Hands-on Exercise 4d - Funnel Plots for Fair Comparisons

Author

Goh Si Hui

Published

February 1, 2024

Modified

February 2, 2024

1 About this Exercise

In this exercise, we will learn how to plot the following:

  • funnel plots using funnelPlotR package,

  • static funnel plot using ggplot2 package, and

  • interactive funnel plot using both plotly R and ggplot2 packages.

2 What is Funnel Plot?

Funnel plot is a specially designed data visualisation for conducting unbiased comparison between outlets, stores or business entities.

The term ‘funnel plot’ refers to the fact that the precision of the estimated intervention effect increases with the size of the study. Small study effect estimates will typically scatter more widely at the bottom of the graph, with the spread narrowing among larger studies as they are more precise and closer to the true effect.

More details here.

3 Getting Started

Before we start, let us ensure that the required R packages have been installed and import the relevant data for this hands-on exercise.

3.1 Installing and Loading the Packages

For this exercise, other than tidyverse, we will use the following packages:

  • readr for importing csv into R.

  • FunnelPlotR for creating funnel plot.

  • ggplot2 for creating funnel plot manually.

  • knitr for building static html table.

  • plotly for creating interactive funnel plot.

pacman::p_load(tidyverse, FunnelPlotR, plotly, knitr)

3.2 Importing Data

In this exercise, COVID-19_DKI_Jakarta will be used. The data was downloaded from Open Data Covid-19 Provinsi DKI Jakarta portal

We will use this data to compare the cumulative COVID-19 cases and deaths by sub-districts as at 31 Jul 2021, DKI Jakarta.

The following code chunk imports the data into R and save it as a tibble dataframe object called covid19.

covid19 <- read_csv("data/COVID-19_DKI_Jakarta.csv") %>%
  mutate_if(is.character, as.factor)

4 Using FunnelPlotR

4.1 About FunnelPlotR

FunnelPlotR package uses ggplot to generate funnel plots. It requires a numerator (events of interest), denominator (population to be considered) and group.
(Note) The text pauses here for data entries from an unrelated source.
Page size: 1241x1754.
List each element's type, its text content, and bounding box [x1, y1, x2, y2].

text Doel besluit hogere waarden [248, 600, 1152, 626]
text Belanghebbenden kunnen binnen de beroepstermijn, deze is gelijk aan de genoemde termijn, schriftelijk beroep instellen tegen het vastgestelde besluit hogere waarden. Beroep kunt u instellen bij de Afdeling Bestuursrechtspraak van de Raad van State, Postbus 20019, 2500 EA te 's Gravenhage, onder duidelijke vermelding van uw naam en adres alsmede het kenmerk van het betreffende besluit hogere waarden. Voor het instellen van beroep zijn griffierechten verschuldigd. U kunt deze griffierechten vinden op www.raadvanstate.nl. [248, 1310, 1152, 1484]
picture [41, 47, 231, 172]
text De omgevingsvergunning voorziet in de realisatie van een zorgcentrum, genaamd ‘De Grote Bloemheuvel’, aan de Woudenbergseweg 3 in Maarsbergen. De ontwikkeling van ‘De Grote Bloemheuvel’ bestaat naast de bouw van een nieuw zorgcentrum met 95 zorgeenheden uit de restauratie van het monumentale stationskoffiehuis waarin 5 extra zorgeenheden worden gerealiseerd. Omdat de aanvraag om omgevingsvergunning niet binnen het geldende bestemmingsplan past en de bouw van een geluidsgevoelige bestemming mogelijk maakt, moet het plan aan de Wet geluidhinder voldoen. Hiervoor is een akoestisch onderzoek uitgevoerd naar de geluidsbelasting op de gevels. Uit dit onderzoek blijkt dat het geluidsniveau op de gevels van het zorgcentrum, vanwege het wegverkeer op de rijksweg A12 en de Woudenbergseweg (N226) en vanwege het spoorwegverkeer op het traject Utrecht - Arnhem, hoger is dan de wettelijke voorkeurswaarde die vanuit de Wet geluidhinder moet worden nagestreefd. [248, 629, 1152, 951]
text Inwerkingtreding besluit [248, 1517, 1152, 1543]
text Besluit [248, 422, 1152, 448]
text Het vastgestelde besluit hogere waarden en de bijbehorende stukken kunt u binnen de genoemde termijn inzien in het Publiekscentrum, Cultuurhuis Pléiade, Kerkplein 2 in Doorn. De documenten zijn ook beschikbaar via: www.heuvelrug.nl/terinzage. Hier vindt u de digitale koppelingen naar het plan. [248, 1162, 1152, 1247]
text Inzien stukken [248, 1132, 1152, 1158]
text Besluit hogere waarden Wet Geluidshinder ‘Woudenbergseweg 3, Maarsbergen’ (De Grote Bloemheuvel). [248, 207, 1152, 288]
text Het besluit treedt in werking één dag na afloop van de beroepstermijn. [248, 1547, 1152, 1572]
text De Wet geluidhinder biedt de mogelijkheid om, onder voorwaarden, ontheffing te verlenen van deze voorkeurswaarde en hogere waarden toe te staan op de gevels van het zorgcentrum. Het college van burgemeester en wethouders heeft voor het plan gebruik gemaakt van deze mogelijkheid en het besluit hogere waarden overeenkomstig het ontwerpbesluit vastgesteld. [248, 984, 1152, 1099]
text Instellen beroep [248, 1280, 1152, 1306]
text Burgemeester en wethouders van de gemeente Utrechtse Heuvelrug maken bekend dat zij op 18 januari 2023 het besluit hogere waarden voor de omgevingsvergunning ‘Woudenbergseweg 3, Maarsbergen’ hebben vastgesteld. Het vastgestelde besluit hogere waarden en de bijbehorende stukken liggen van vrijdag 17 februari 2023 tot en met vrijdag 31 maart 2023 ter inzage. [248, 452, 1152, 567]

The key arguments selected for customisation are:

  • limit: plot limits (95 or 99).

  • label_outliers: to label outliers (true or false).

  • Poisson_limits: to add Poisson limits to the plot.
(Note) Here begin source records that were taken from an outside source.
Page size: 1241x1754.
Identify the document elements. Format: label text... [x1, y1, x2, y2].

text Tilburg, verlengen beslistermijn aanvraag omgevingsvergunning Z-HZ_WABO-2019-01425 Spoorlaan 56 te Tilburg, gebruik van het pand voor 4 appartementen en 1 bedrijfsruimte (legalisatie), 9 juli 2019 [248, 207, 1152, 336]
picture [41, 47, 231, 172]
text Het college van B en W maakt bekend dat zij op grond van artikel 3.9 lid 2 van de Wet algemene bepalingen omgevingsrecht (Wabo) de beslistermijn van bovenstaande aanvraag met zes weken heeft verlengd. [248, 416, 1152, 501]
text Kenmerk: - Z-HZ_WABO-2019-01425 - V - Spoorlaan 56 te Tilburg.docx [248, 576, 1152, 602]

  • OD_adjust: to add overdispersed limits to the plot.

  • xrange and yrange: to specify the range to display for axes, acts like a zoom function.

  • Other aesthetic components such as graph title, axis labels etc

4.2 Basic Plot

funnel_plot(
  numerator = covid19$Positive,
  denominator = covid19$Death,
  group = covid19$`Sub-district`,
  title = "COVID-19 Cases and Deaths \nby Sub-Districts in Jakarta (31 Jul 2021)"
)

A funnel plot object with 267 points of which 0 are outliers. 
Plot is adjusted for overdispersion. 
Note

group in this function is dfferent from the scatterplot. Here, it defines the level of the points to be plotted i.e. Sub-district, District or City. If Cityc is chosen, there are only six data points.
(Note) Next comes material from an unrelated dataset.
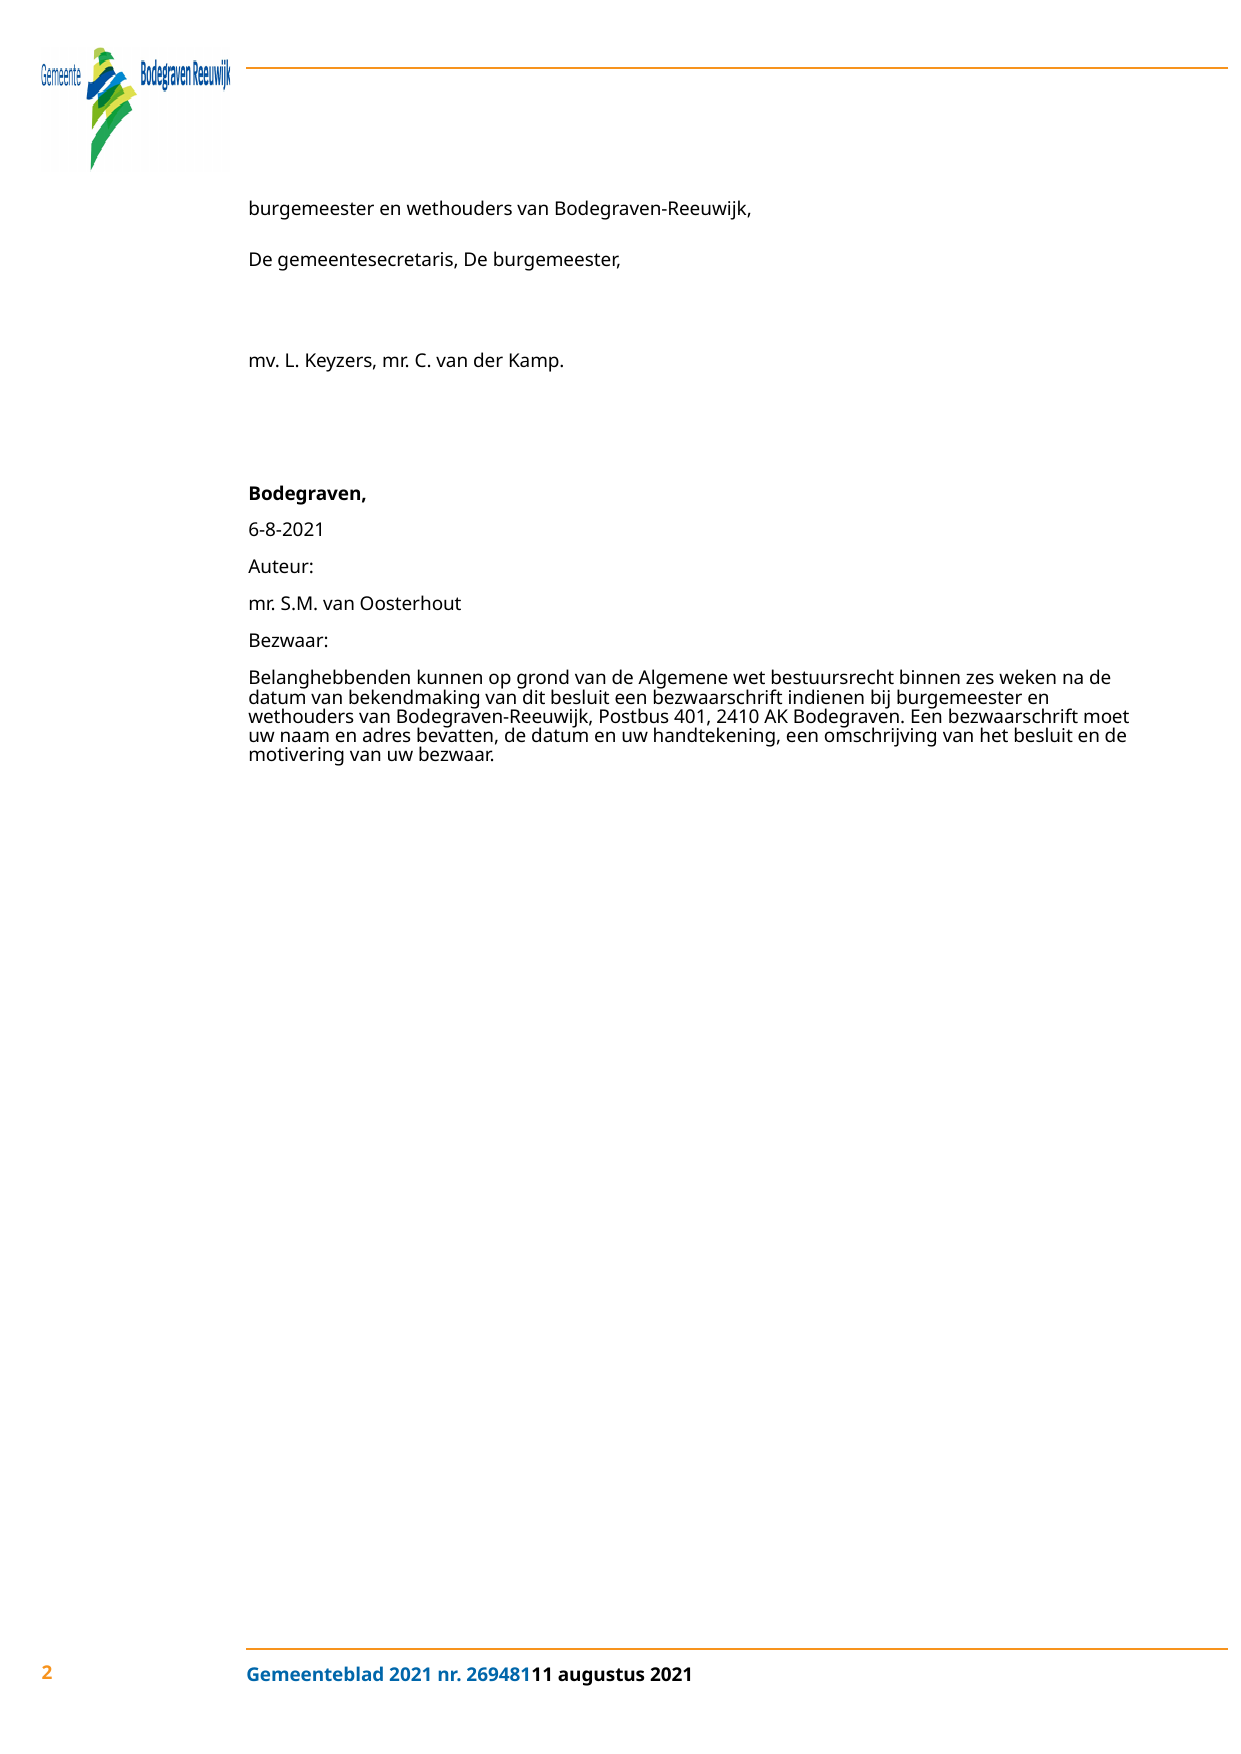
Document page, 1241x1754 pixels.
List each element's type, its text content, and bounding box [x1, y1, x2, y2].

By default, data_type argument is “SR”.

limit: Plot limits, accepted values are: 95 or 99, corresponding to 95% or 99.8% quantiles of the distribution.

But the above chart is not easy to read because all the dots are close to each other.

So we will change the data_type from “SR” to “PR” (proportions) and add xrange and yrange to set the range of x-axis and y-axis.

funnel_plot(
  numerator = covid19$Death,
  denominator = covid19$Positive,
  group = covid19$`Sub-district`,
  data_type = "PR",     
  xrange = c(0, 6500),  
  yrange = c(0, 0.05)   
)

A funnel plot object with 267 points of which 7 are outliers. 
Plot is adjusted for overdispersion. 

We can further ehnance the chart by adding title and axis labels, and removing the point labels to avoid overly cluttering the chart.

funnel_plot(
  numerator = covid19$Death,
  denominator = covid19$Positive,
  group = covid19$`Sub-district`,
  data_type = "PR",   
  xrange = c(0, 6500),  
  yrange = c(0, 0.05),
  label = NA,
  title = "Cumulative COVID-19 Fatality Rate by \nCumulative Total Number of COVID-19 Positive Cases", #<<           
  x_label = "Cumulative COVID-19 Positive Cases", #<<
  y_label = "Cumulative Fatality Rate"  #<<
)

A funnel plot object with 267 points of which 7 are outliers. 
Plot is adjusted for overdispersion. 

5 Using ggplot2

We can also use ggplot2 to create funnel plots! It will require more steps (as compared to FunnelPlotR) but it can also allow us to customise our charts at very granular levels.

5.1 Computing Basic Derived Fields

To plot the funnel plot from scratch, we need to calculate the death rate and the standard error of cumulative death rate.

df <- covid19 %>%
  mutate(rate = Death / Positive) %>%
  mutate(rate.se = sqrt((rate*(1-rate)) / (Positive))) %>%
  filter(rate > 0)

Then we compute the fit.mean using the following code chunk.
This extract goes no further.